Y a mí que nadie me había querido regalar una caricia.

Todo era una oscuridad. Una niebla. Una penumbra. Una ocuridad. Un despedirme del amor sin más remedio que aquella extraña soledad. Una niebla del tiempo. Una penumbra de la vida. Una oscuridad. Sólo una oscuridad y mil silencios de ecos lejanos escondidos entre las horas… entre aquellas horas en que no había más que un vacío y yo dentro de aquella especie de despedida de todos mis sueños.
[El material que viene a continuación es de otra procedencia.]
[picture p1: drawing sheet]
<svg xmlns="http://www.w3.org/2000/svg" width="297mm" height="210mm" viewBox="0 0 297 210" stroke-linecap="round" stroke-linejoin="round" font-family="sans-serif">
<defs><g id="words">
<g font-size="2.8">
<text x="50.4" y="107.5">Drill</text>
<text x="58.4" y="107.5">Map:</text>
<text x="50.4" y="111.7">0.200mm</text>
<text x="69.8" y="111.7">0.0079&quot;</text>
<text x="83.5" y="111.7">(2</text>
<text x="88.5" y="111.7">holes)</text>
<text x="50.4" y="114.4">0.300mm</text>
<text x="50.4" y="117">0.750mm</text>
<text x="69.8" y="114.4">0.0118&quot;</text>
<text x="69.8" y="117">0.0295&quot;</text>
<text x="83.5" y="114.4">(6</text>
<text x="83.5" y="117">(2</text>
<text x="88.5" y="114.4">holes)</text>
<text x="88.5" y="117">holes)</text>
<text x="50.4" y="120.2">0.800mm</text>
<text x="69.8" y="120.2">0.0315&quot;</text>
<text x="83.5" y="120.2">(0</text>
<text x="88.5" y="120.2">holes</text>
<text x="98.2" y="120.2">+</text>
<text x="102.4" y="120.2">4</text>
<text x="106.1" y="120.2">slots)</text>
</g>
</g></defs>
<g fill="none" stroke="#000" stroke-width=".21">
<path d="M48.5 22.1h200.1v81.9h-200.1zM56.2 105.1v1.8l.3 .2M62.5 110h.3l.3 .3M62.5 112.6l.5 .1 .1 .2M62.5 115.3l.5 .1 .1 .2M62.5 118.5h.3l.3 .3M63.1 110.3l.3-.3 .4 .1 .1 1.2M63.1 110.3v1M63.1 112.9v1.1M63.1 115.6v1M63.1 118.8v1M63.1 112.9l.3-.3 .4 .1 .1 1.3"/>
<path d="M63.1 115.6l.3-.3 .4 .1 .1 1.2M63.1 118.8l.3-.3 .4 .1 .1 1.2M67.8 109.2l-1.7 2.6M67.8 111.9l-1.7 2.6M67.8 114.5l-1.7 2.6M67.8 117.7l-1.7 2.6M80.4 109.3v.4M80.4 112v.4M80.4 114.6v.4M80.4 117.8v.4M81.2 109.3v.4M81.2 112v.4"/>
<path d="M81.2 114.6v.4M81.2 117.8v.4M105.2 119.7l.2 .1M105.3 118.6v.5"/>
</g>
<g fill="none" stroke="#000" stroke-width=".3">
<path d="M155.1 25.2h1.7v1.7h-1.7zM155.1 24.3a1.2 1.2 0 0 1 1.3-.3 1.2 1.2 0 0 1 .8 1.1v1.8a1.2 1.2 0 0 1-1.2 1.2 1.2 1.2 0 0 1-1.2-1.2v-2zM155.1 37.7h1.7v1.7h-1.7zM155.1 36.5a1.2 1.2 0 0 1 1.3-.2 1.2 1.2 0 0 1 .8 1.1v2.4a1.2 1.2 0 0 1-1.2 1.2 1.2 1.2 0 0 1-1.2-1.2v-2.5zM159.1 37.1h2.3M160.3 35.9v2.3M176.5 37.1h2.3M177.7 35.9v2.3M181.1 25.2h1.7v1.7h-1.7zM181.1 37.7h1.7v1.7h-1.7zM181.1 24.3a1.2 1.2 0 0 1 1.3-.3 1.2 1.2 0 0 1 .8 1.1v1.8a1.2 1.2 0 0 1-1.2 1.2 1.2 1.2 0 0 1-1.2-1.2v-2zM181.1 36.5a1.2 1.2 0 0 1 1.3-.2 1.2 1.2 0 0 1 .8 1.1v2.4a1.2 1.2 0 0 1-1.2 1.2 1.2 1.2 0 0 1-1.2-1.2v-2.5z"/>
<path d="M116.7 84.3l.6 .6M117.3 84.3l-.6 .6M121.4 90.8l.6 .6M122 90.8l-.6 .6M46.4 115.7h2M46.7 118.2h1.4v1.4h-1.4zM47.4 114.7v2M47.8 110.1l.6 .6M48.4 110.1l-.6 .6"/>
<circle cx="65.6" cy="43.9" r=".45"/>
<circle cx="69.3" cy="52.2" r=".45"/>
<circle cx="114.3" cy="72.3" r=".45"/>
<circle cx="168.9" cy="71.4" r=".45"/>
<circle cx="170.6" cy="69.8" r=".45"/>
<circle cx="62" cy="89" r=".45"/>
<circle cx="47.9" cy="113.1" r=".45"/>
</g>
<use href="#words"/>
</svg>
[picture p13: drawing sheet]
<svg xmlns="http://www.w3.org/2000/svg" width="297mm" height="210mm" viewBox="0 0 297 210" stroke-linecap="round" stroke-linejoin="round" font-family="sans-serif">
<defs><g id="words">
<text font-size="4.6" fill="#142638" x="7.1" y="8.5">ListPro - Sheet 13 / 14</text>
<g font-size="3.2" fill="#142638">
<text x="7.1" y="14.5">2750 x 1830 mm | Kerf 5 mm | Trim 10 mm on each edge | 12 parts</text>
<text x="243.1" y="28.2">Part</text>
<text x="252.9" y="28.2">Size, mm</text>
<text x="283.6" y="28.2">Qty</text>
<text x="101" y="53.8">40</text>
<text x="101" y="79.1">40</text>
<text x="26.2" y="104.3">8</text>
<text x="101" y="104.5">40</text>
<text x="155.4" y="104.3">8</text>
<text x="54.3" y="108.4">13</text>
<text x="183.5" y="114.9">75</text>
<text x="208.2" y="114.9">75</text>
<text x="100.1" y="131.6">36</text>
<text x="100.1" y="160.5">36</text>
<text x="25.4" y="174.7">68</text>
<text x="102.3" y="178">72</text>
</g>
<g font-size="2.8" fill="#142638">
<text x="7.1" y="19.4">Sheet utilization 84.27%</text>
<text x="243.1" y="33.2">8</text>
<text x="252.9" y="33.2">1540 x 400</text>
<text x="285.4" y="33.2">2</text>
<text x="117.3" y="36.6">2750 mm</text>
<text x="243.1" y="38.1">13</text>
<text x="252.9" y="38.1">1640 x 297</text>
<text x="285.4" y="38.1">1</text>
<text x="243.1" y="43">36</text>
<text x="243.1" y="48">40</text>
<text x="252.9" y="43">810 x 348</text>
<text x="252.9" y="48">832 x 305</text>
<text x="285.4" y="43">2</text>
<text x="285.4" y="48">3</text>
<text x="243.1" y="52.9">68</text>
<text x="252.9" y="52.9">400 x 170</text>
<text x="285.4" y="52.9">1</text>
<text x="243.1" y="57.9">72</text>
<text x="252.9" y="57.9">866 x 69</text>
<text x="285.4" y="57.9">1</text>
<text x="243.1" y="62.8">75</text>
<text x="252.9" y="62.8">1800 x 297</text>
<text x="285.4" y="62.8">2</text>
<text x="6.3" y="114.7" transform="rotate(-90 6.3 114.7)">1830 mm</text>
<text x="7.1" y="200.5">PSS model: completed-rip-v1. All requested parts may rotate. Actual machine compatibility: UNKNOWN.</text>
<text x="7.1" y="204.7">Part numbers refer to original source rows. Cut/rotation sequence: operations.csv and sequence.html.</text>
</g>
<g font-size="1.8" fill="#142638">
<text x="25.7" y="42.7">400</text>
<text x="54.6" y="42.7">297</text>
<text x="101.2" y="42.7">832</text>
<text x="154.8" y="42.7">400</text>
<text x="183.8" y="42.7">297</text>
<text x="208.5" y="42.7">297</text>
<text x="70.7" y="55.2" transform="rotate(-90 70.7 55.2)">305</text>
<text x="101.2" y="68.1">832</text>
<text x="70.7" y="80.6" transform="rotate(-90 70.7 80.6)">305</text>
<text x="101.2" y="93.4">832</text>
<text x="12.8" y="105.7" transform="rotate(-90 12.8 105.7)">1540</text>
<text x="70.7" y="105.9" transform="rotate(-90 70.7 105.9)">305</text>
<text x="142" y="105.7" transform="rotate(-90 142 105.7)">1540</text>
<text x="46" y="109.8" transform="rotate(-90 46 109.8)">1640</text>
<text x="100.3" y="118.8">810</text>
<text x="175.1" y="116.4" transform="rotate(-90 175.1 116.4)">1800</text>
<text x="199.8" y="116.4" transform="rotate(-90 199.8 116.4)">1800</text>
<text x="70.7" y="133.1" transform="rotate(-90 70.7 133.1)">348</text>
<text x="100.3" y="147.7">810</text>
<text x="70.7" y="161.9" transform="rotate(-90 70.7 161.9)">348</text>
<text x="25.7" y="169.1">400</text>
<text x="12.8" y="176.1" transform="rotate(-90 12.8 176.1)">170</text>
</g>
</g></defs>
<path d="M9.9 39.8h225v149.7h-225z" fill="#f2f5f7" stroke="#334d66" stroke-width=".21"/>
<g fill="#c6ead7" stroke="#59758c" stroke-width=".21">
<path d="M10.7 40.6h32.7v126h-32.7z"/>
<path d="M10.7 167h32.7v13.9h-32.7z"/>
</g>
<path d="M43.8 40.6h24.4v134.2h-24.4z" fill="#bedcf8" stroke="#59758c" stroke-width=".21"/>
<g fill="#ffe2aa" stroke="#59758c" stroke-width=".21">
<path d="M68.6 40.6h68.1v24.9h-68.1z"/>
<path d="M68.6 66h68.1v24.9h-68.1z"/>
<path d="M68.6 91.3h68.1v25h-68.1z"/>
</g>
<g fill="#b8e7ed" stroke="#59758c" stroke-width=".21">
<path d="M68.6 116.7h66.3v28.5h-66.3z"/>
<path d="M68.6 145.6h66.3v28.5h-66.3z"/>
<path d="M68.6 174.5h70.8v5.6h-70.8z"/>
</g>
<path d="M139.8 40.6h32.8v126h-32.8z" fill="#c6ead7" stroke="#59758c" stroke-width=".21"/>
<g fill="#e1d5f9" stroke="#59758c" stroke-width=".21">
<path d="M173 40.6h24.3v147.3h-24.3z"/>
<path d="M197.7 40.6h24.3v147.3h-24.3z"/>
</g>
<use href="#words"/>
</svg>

Sólo al final del túnel vi el lejano y leve resplandor de una luz fugaz; como si una estrella hubiese aparecido para decir que más allá de la niebla, la penumbra y la oscuridad aún estaba la esperanza del último sueño. Un leve resplandor que mantenía su luz encendida para que no me hundiese en el vacío.

Ya no pude soportar más la niebla. Ya no pude soportar más la penumbra. Ya no pude soportar más la oscuridad.

– ¡¡¡Soy yo y estoy aquí!!!.

Y a mí que nadie me había querido regalar una caricia. A mí que nadie me acarició jamás… ¡me explotaron todos los sueños de mi fantasía en un profundo estallido cuando su mano acarició mi rostro!.

Soñé. Soñé que sólo era uno más de mis pasados sueños. Pero no fue así. La luz se hizo intensa y brilló la estrella más lejana… la más inalcanzable… y extendí mi sueño final y a mí que nadie me había querido regalar una caricia se me hizo vida nueva todo aquel estallido de mi fantasía porque era verdad que ella estaba presente y me había regalado aquello que nadie me había querido regalar. Una suave caricia.

Y apréndí, en medio de la niebla, en medio de la penumbra y en medio de la oscuridad, que su nombre era la L de la Luz… la I de la Inocencia… la L de la Libertad… la I de la Intensidad… la A de la Aproximación… la N de la Niñez… la A del Amor. Y me quedé profundamente dormido hasta que los pájaros de su mirada me hicieron despertar cuando el alba renació con todo por delante para vivir.